In considering the welfare of the children (Re O and N) per s1(1); s1(3) CA provides a
checklist for the court to determine the welfare. It is clear that the children are suffering
from harm (s1(3)(e)) and in considering the effect of the children’s circumstances(s1(3)
(c)), it is highlighted in Re B (A Child) that they should not be moved unless there are
justifiable reasons. On the facts, it appears that they have never been moved and there
are valid grounds that the moving the children will be justified considering the
circumstances they are in.
However, the court will only grant the order if it is satisfied that in doing so it will be for
the betterment of the children (s1(5)). If the court is to grant the order, there should be
no delay (s1(2) CA).
Alternative Situation
On the facts, Olivia and Trevor both agree for their children to be looked after by the
local authority until after she gave birth they were challenged by the local authority.

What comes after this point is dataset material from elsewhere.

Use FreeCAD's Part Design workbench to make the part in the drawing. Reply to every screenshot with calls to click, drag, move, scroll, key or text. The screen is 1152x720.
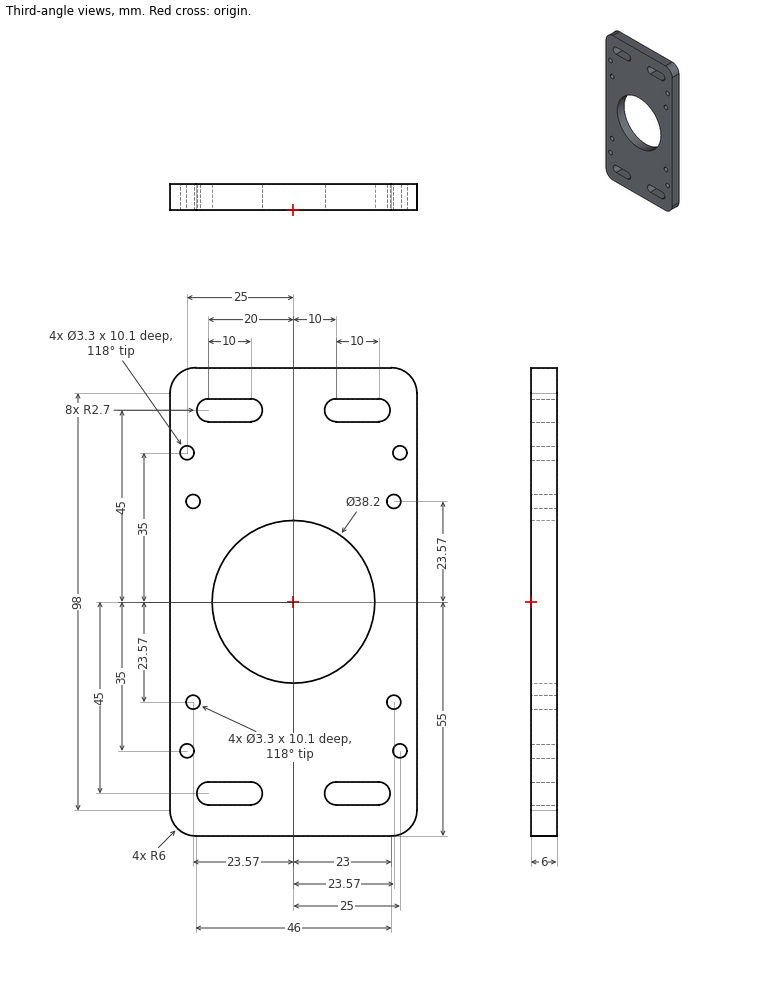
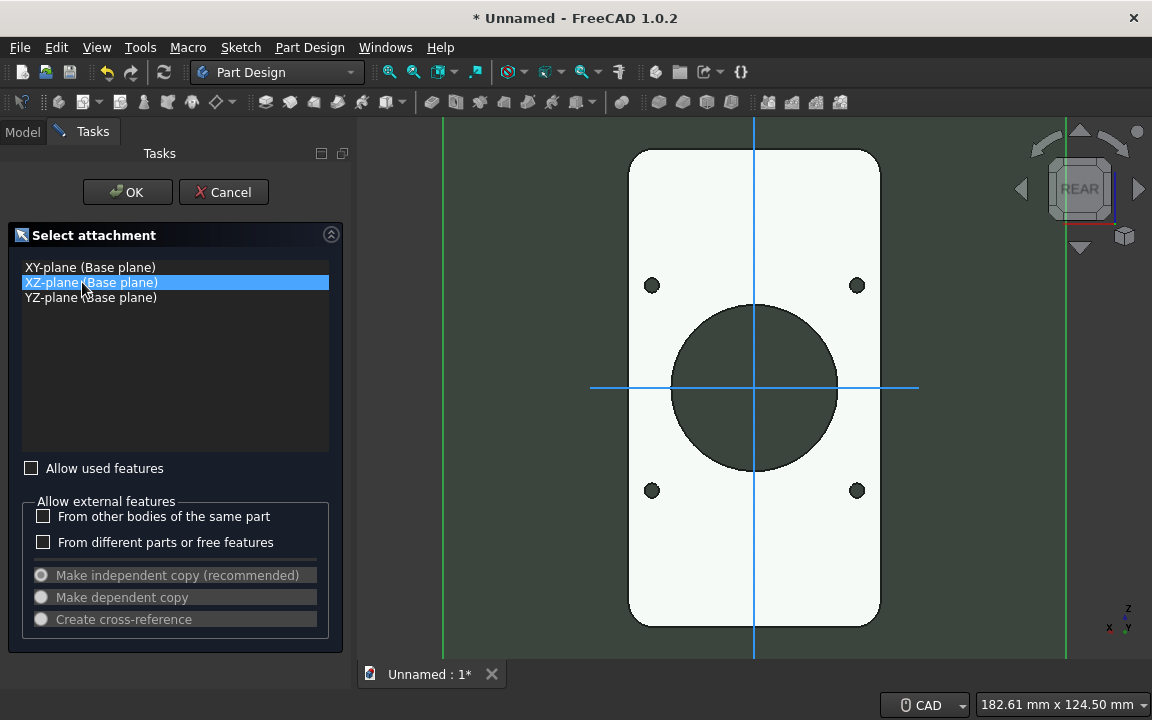
click(128, 192)

The accommodation of the children was done with after the agreement with Olivia and
Trevor. Furtherance, Part III CA enshrines the concept of co-operation between parents
and local authorities which is not provided for in the facts.
According to s20(7) CA, Olivia and Trevor having parental responsibility can object to
the accommodation if they can provide alternatives to the children. Furthermore,
because of their parental responsibility, they can demand for the removal of their
children from the accommodation which is permitted under s20(8) CA and should the
local authority refuse to comply to their demands, they are advised to obtained an
immediate emergency protection order or risk being sued under the HRA.